Derrick Graham

No. 74, 77
- Position: Offensive tackle

Personal information
- Born: March 18, 1967 (age 59) Groveland, Florida, U.S.
- Listed height: 6 ft 4 in (1.93 m)
- Listed weight: 310 lb (141 kg)

Career information
- High school: Groveland
- College: Appalachian State
- NFL draft: 1990: 5th round, 124th overall pick

Career history
- Kansas City Chiefs (1990–1994); Carolina Panthers (1995); Seattle Seahawks (1996–1997); Oakland Raiders (1998); Los Angeles Xtreme (2001);

Career NFL statistics
- Games played: 99
- Games started: 60
- Stats at Pro Football Reference

= Derrick Graham (American football) =

American football player (born 1967)

Deltrice Andrea Graham (born March 18, 1967) is an American former professional football player who was an offensive tackle for four teams in the National Football League (NFL).

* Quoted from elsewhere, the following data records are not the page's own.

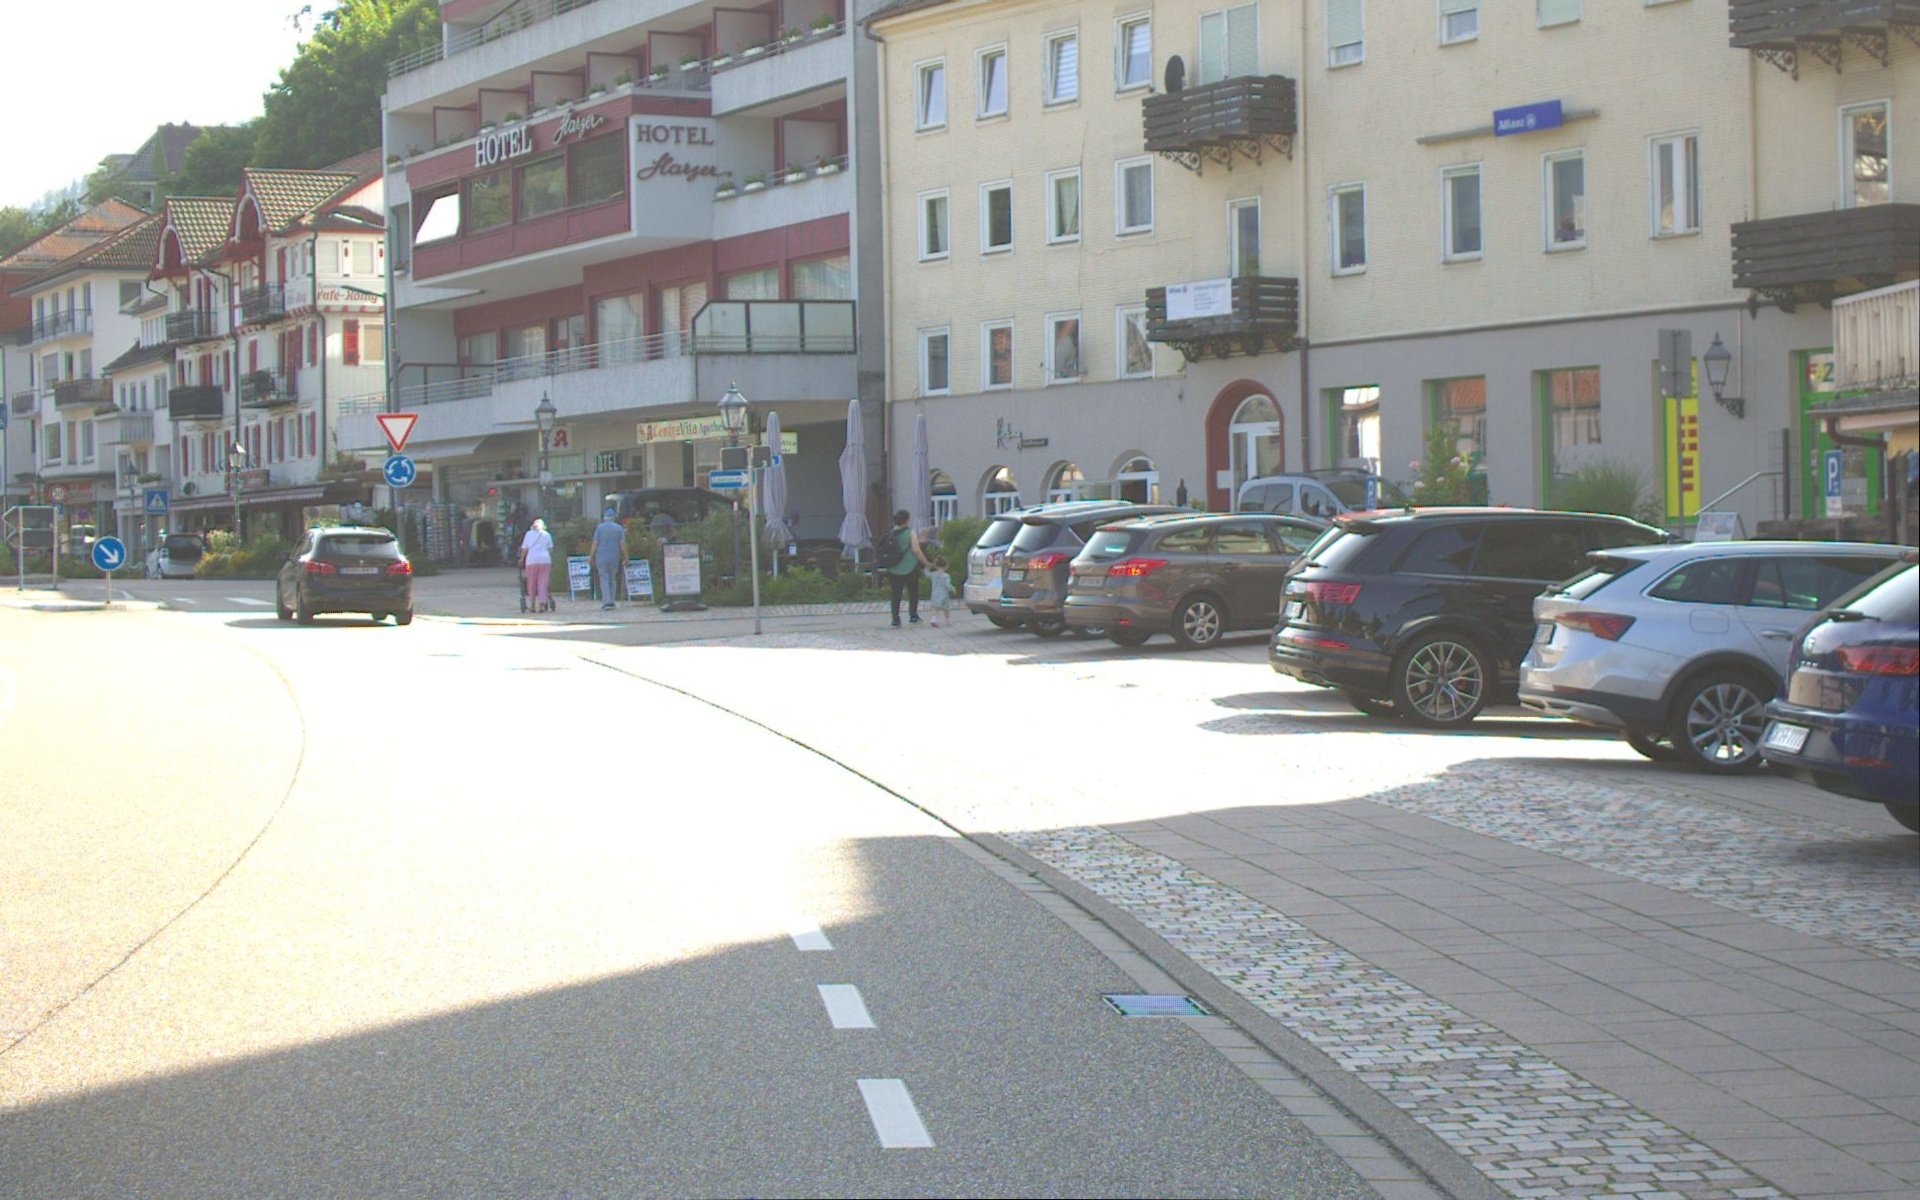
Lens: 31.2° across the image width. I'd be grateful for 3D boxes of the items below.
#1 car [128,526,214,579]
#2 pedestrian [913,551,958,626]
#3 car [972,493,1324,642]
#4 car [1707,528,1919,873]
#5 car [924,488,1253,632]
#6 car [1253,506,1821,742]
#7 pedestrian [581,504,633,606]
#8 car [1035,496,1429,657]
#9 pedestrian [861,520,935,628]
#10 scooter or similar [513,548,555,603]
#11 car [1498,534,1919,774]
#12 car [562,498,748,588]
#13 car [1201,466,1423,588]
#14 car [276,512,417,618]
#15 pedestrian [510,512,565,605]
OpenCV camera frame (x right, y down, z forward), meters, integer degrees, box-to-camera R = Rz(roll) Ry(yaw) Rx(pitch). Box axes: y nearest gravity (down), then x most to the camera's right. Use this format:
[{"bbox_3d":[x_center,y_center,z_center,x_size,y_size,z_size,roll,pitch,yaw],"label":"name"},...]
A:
[{"bbox_3d":[-24.733,-1.498,107.680,1.676,1.615,4.001,-1,1,-27],"label":"car"},{"bbox_3d":[-0.336,-0.157,46.987,0.417,0.998,0.530,-2,2,20],"label":"pedestrian"},{"bbox_3d":[2.304,-0.434,42.167,3.860,1.544,1.773,-4,3,-23],"label":"car"},{"bbox_3d":[5.564,0.472,15.552,3.909,1.456,1.736,2,1,-2],"label":"car"},{"bbox_3d":[1.689,-0.553,45.144,3.860,1.607,1.773,-4,3,-23],"label":"car"},{"bbox_3d":[4.478,0.170,27.089,4.083,1.660,1.773,2,1,-2],"label":"car"},{"bbox_3d":[-6.064,-0.777,59.078,0.668,1.723,0.708,-1,1,-25],"label":"pedestrian"},{"bbox_3d":[3.072,-0.304,38.854,4.009,1.511,1.773,-4,3,-23],"label":"car"},{"bbox_3d":[-0.848,-0.359,47.030,0.736,1.437,0.632,-2,2,30],"label":"pedestrian"},{"bbox_3d":[-7.367,-0.432,59.497,0.596,0.947,0.474,-1,1,-25],"label":"scooter or similar"},{"bbox_3d":[5.782,0.347,22.069,4.356,1.456,1.772,1,0,0],"label":"car"},{"bbox_3d":[-5.783,-1.090,65.157,3.162,1.657,1.595,-1,1,-23],"label":"car"},{"bbox_3d":[6.020,-1.284,59.091,1.857,2.006,3.678,-1,3,-34],"label":"car"},{"bbox_3d":[-9.932,-0.593,55.451,1.727,1.569,3.754,-1,3,-18],"label":"car"},{"bbox_3d":[-7.291,-0.727,59.327,0.757,1.588,0.628,-1,1,-25],"label":"pedestrian"}]
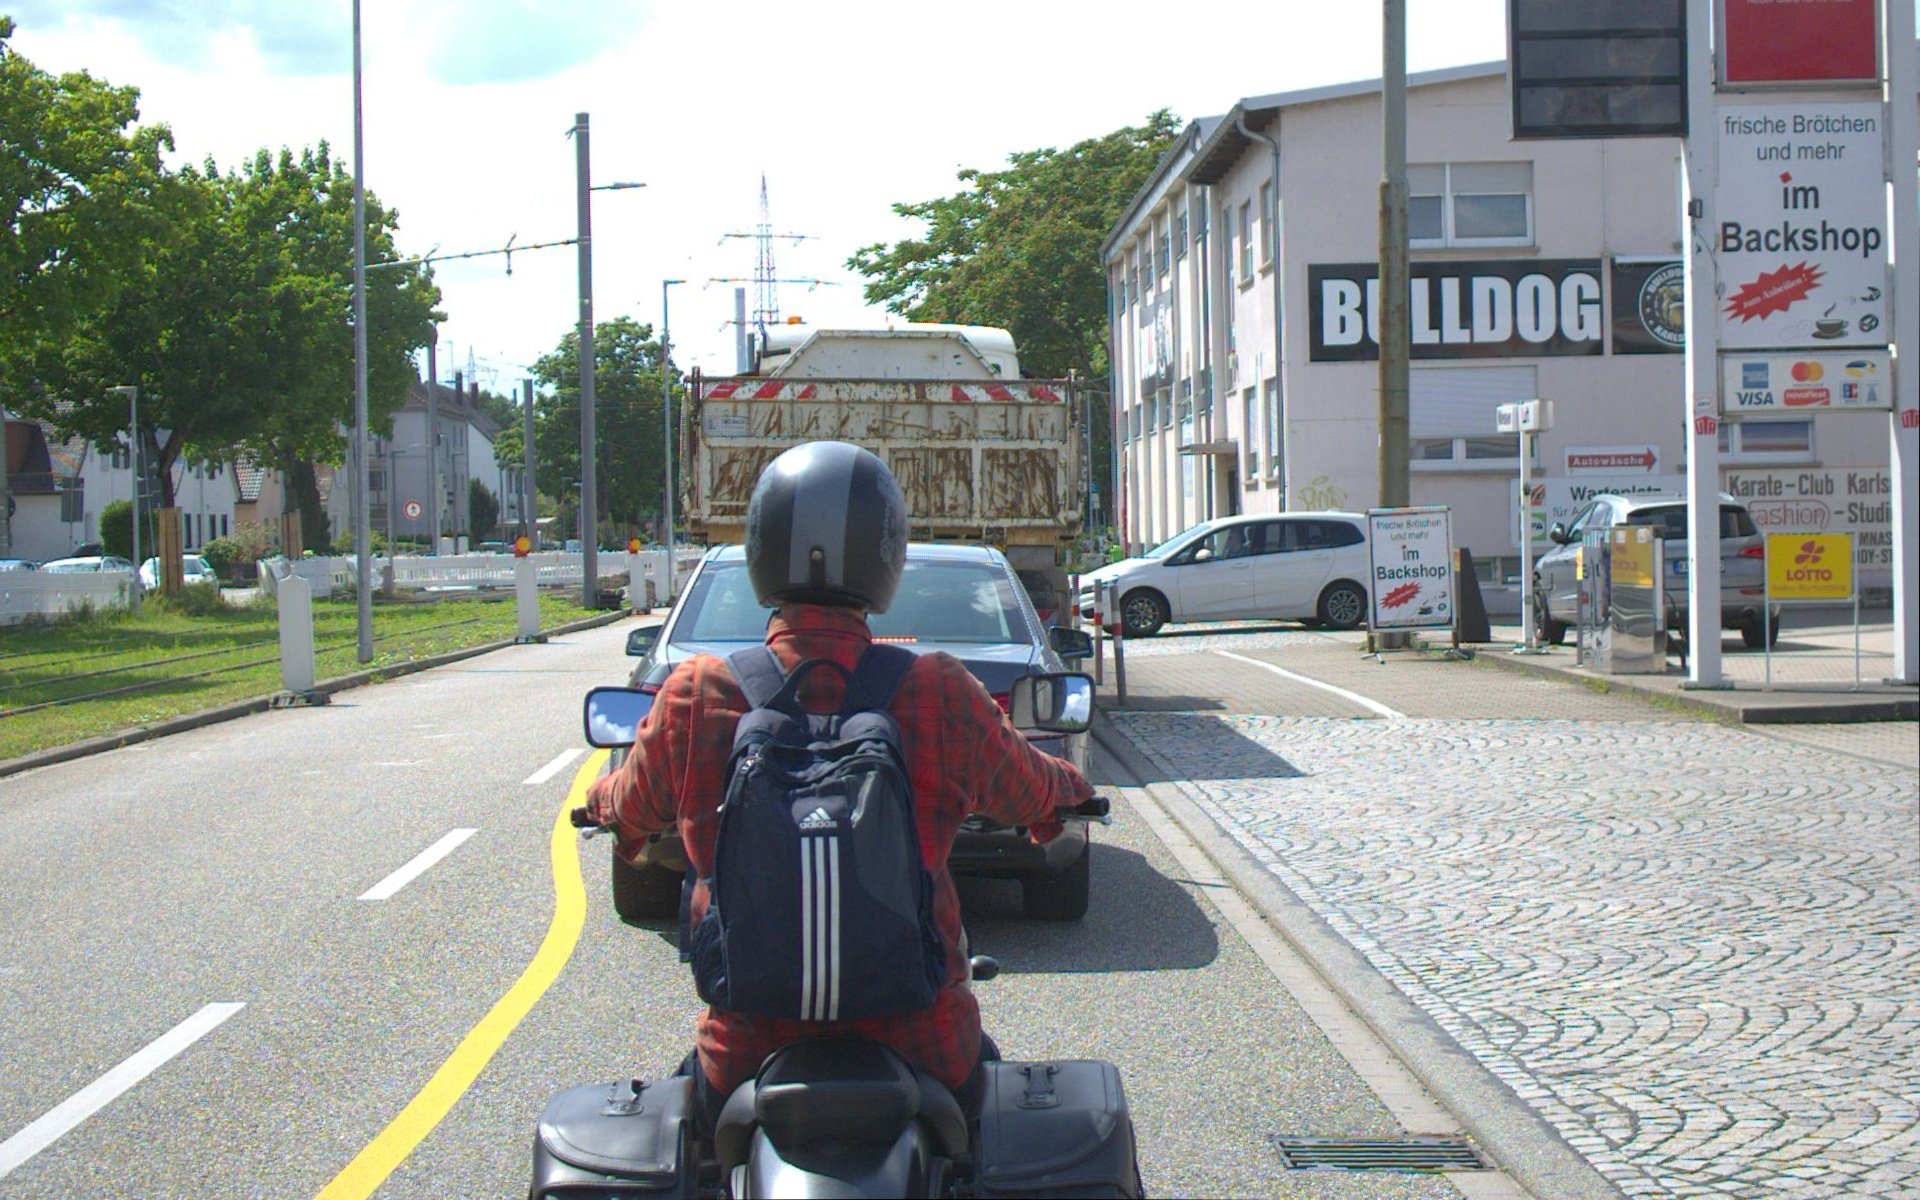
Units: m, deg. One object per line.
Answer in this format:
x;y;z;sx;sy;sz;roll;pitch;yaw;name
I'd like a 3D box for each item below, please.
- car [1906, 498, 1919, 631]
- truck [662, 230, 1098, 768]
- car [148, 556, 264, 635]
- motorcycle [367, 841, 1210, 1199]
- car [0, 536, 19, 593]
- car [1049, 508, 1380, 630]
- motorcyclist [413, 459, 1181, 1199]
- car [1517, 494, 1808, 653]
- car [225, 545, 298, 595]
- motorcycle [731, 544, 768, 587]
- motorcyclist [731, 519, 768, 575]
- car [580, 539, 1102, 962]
11.737;-0.384;37.090;1.806;1.498;3.834;-1;1;-3;car
-0.539;-0.716;25.362;2.638;3.285;8.057;-1;1;-1;truck
-17.498;-0.132;79.957;1.776;1.717;4.128;-1;1;0;car
-0.206;0.955;5.337;0.979;0.894;2.653;-1;1;-1;motorcycle
-30.048;-1.063;104.401;1.776;1.717;4.128;-1;1;0;car
3.459;-0.438;47.025;4.229;1.537;1.673;-1;1;-8;car
-0.210;0.612;5.025;0.979;1.597;1.088;-1;1;-1;motorcyclist
7.382;-0.309;36.520;1.667;1.557;4.245;-1;1;-8;car
-25.424;-1.102;125.237;1.776;1.717;4.128;-1;1;0;car
-5.207;-0.854;85.195;0.868;1.017;2.245;-1;1;-3;motorcycle
-5.221;-1.327;85.364;0.868;1.373;0.800;-1;1;-3;motorcyclist
-0.443;0.498;14.152;1.823;1.447;4.000;1;1;-1;car

Graham was born in Groveland, Florida, where he attended Groveland High School. He played college football for the Appalachian State Mountaineers and was selected by the Kansas City Chiefs in the fifth round of the 1990 NFL draft with the 124th overall pick. He played for the Chiefs until 1994. Then he played for the Carolina Panthers in 1995, the Seattle Seahawks in 1996 and 1997, and the Oakland Raiders in 1998.